Pero en definitiva estaba muy contenta allí de pie, escrutando de un modo un tanto inquisitivo aquella oscuridad llena de humo.

—¿El licor de jengibre está considerado una bebida fuerte? —preguntó. Debía de ser la bebida la que le proporcionaba aquella espontaneidad encantadora que le permitía hablar o moverse sin haber decidido hacerlo.

—Ay, querida Daph… —dijo George. Y antes de saber lo que hacía, ya se había encaramando, jadeando y riéndose, al extremo de la hamaca que le quedaba más cerca, donde estaban los pies de los chicos.

—¡Cuidado! —dijo George—. Eso es mi pie…

—Va a romper el maldito chisme —dijo Cecil.

—¡Por el amor de Dios…! —dijo George, basculando hacia un lado para intentar bajar de un salto, y en un segundo Daphne fue a parar al suelo. Cecil también se cayó y le dio bastante fuerte con el pie en las costillas.

—¡Ay, ay, ay! —dijo ella, pero no se dejó asustar y ya se estaba riendo otra vez mientras los chicos se buscaban a tientas, y luego dejó que la levantaran del suelo. Sabía que había oído cómo se rasgaba el chal al caerse, y que esa era una parte de su escapada que no iba a quedar impune, pero tampoco le importaba demasiado.

—Tal vez deberíamos entrar —dijo Cecil— antes de que ocurra algo escandaloso de verdad.

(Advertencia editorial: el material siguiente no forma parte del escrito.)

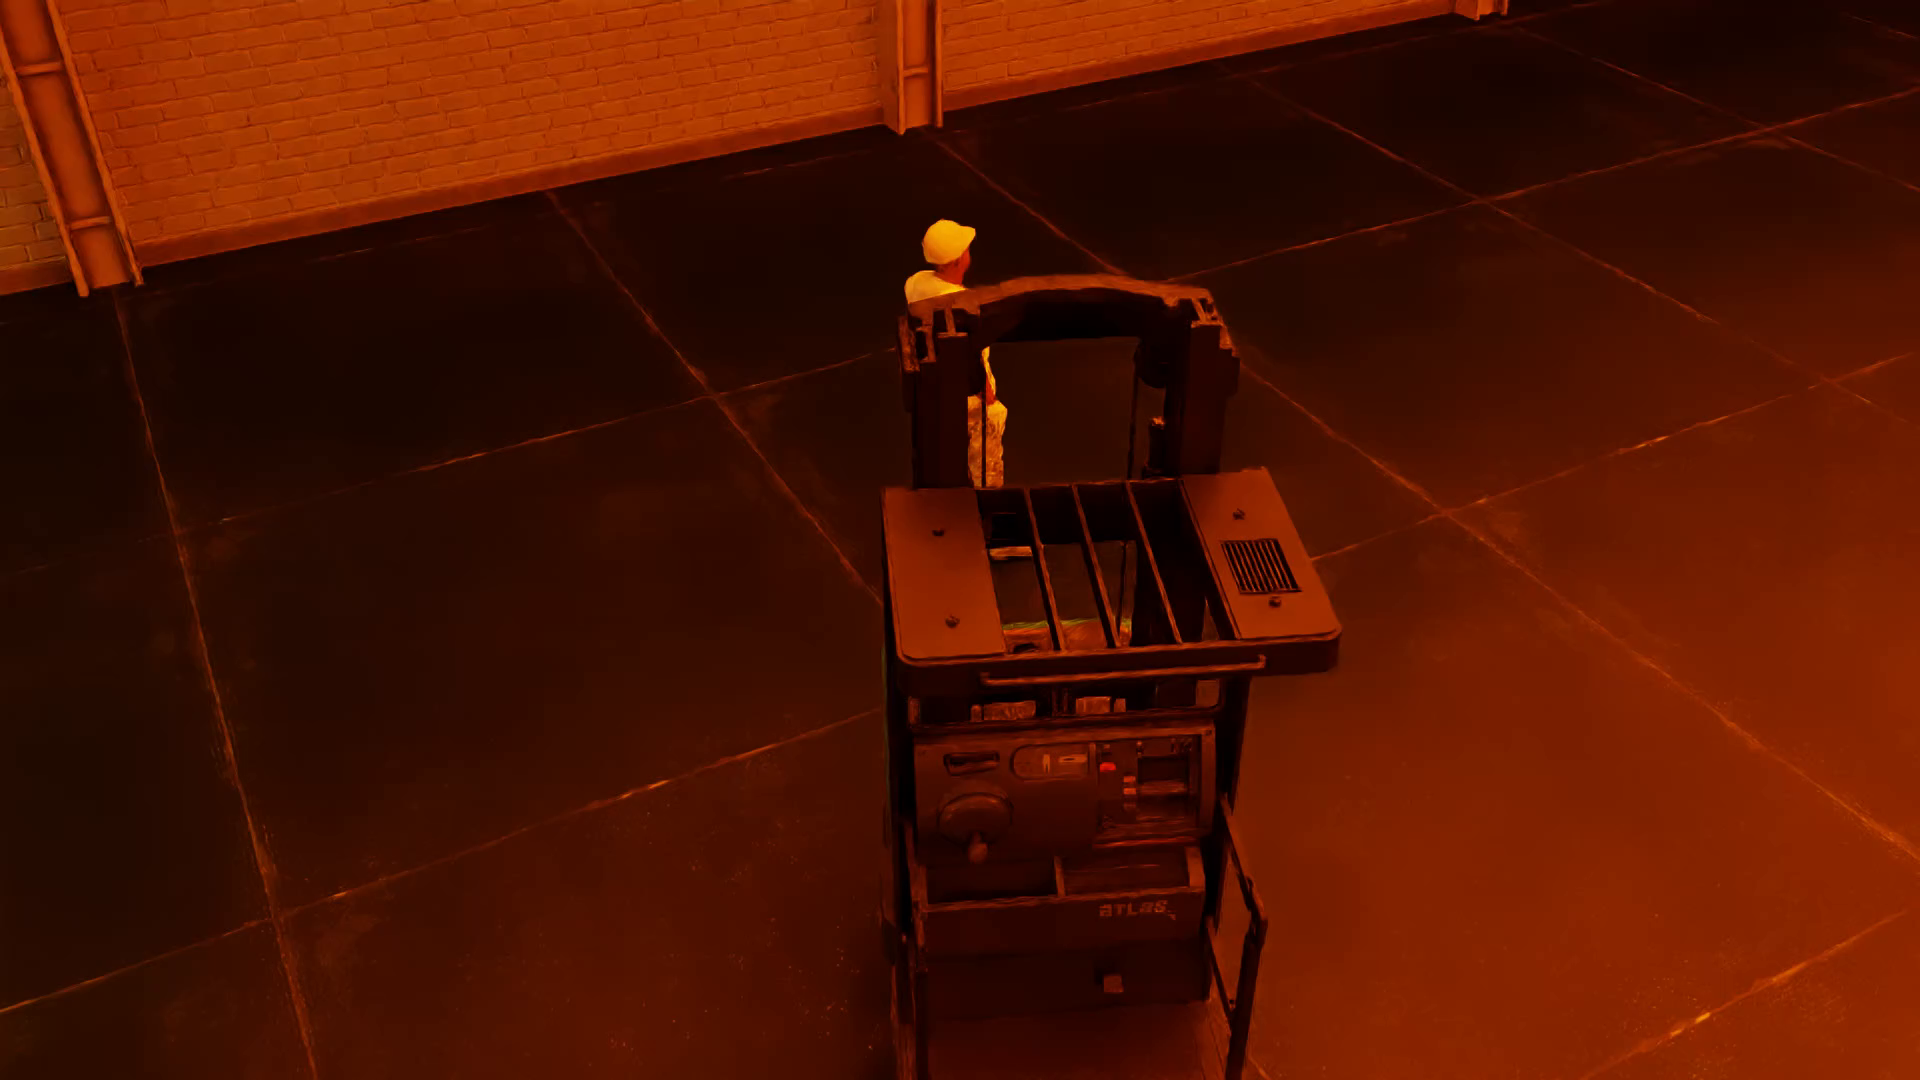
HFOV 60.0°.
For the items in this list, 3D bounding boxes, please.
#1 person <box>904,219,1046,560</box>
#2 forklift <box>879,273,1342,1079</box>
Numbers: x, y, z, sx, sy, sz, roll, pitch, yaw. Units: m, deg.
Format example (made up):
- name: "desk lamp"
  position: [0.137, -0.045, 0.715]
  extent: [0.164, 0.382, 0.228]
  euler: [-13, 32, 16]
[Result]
- name: "person"
  position: [0.067, -0.749, 8.166]
  extent: [0.576, 1.782, 0.655]
  euler: [-17, 39, -23]
- name: "forklift"
  position: [0.349, 0.838, 4.937]
  extent: [1.130, 2.935, 3.031]
  euler: [-3, 35, -5]

Se fueron guiando mutuamente por el prado con golpecitos y susurros. George se paró un momento a remeterse la camisa y ajustarse bien los pantalones.

—En Corley tenéis un salón de fumar, claro —dijo—. Allí nunca pasarían estas cosas.

—En efecto —dijo Cecil solemnemente. Emmy Destinn ya había terminado, y en su lugar Daphne vio cómo la figura de su madre se acercaba a la ventana iluminada y escrutaba el exterior en vano.

—¡Estamos aquí! —gritó Daphne. Y en aquella oscuridad bajo miles de estrellas, con un muchacho a cada lado, sintió que podía hablar en representación de los tres; había una confianza muy cómica que parecía una renovación del pacto que habían establecido tácitamente a la llegada de Cecil.

—Pues daos prisa —dijo su madre en un tono alocado e ingenioso—. Quiero que Cecil nos lea algo.

—Ahí estamos… —murmuró Cecil, enderezando su pajarita. Daphne le echó un vistazo. George había asumido la responsabilidad de ir delante de ellos, y, mientras lo seguían, Cecil le pasó una mano grande y caliente por la cintura y la dejó allí, justo donde le había dado con el pie, hasta que llegaron al ventanal abierto.